3.Does 'National Prayer Day' imply to you that it only pertains to Christians?And,if so,why?


----------



## seabass (Sep 26, 2002)

1) I did not find your quote on the website (admitedly, I didn't scour the site in search of it). In all honesty, don't you have other things to worry about? Who cares? Is this the first Islam gathering at capitol hill? Maybe that's why?

2) Well, it's hard to find a first world counterpart that is predominantly Muslim. The first place that comes to mind is turkey, a muslim country. It's government is also strictly secular. So yes, I think Christians could orgnize a "gathering" of speakers at Ankara with no real problems...

3) No, national prayer day to me does not suggest any religious faction. Almost all religions have some sort of prayer ritual. I guess thats why Obama opened it up to all faiths and not just a Christian one. I'm not sure I get your point in bringing this up.

http://en.wikipedia.org/wiki/Religion_in_Turkey

I guess I have more important things to worry about that a gathering of Islamic speakers at the capitol.


----------



## duckp (Mar 13, 2008)

Yeh,its hard to find for sure.As usual scan from left to right and its the second phrase.
'Firstworld' counterpart????Why?Why not the muslim countries that are in the news or of real concern?You know,the ones we all saw on CNN cheering when the planes hit the towers.
I know one thing,I have more to worry about than posting a pic of Obama taking his shoes off but....


----------



## seabass (Sep 26, 2002)

duckp said:


> Yeh,its hard to find for sure.As usual scan from left to right and its the second phrase.
> 'Firstworld' counterpart????Why?Why not the muslim countries that are in the news or of real concern?You know,the ones we all saw on CNN cheering when the planes hit the towers.
> I know one thing,I have more to worry about than posting a pic of Obama taking his shoes off but....


I found it! Guess I skipped to the main reading.

Because I don't think you are comparing apples to apples then. You only see radical Islam as a semi-mainstream tradition in third world countries as far as I can tell.
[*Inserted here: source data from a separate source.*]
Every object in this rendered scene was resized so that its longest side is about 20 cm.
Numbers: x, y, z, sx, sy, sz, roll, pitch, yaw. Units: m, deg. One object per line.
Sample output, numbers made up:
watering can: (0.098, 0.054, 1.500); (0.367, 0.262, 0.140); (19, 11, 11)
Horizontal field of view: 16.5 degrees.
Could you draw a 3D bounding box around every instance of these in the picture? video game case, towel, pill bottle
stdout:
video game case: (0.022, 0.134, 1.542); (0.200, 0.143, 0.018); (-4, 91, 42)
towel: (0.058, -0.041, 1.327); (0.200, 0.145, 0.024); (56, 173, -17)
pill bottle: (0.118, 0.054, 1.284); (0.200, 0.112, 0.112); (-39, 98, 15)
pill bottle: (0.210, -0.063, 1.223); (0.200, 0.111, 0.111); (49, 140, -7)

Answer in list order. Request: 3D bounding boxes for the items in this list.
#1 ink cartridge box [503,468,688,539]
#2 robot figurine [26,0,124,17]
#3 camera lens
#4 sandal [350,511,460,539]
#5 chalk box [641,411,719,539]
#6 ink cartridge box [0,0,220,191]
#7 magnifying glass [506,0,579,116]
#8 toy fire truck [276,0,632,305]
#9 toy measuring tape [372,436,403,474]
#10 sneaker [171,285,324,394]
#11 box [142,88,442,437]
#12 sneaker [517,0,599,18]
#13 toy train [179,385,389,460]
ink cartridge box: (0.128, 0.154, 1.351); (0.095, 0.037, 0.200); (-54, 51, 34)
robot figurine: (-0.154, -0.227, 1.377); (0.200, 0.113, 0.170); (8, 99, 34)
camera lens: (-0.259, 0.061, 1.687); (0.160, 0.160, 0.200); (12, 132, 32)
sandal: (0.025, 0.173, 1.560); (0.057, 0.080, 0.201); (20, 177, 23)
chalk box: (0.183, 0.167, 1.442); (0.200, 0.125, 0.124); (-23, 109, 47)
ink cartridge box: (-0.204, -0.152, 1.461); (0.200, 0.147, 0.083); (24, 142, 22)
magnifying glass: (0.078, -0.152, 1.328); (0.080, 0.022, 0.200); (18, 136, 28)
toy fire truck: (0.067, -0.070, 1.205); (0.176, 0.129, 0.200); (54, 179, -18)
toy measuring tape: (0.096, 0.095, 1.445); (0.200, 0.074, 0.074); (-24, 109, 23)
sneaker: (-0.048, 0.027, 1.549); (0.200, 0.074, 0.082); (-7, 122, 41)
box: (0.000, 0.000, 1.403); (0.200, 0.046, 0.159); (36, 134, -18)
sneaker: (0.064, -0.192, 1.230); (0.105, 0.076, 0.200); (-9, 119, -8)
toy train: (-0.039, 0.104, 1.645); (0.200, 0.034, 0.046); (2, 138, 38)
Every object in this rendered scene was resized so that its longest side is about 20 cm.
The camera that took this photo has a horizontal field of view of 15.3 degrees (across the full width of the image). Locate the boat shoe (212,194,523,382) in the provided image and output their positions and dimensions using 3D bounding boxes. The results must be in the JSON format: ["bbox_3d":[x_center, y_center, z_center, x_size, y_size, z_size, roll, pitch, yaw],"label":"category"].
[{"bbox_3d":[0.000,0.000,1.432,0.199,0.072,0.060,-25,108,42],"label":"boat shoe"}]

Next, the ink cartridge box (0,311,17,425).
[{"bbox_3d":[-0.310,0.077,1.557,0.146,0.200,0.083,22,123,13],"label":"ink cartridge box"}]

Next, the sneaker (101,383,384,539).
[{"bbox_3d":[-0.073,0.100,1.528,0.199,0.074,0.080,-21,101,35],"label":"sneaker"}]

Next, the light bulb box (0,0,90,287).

But you're right, Christians could not assemble safely in Iran, Afghanistan, etc.


----------



## barebackjack (Sep 5, 2006)

seabass said:


> What's sad is that this is of interst.
> http://www.snopes.com/politics/obama/photos/prayerday.asp
> 
> My opinion: I think prayer should be something private anyway.
> ...


Hey, thanks for posting that brilliant "proof" from the ever so left leaning snopes.com. :roll:

Why is it snopes.com is like crack for liberals? Because it tells them what they want to hear. Every single liberal I know uses that site like *** wipe. Daily.


----------



## seabass (Sep 26, 2002)

Bareback, you crack me up per usual. Hey, if you can't beat the message, try to beat up on the sender?

How about factcheck.org?
http://www.factcheck.org/2009/09/muslim-prayer-day-sept-25/
er, wait, is that another liberal-biased fact check site? I never can remember 

Actually, I ran into an interesting article about the snopes founders (husband and wife team). Turns out they never wanted to write anything about politics, but it's guys like you all that keep 'em in business :wink:

http://mediadecoder.blogs.nytimes.com/2010/04/05/all-about-snopes-uncovering-untruths-on-the-web/

bareback, if you aren't too busy, maybe you can go to snopes and show some clear cut liberal bias. If you aren't busy.


----------



## barebackjack (Sep 5, 2006)

seabass said:


> Bareback, you crack me up per usual. Hey, if you can't beat the message, try to beat up on the sender?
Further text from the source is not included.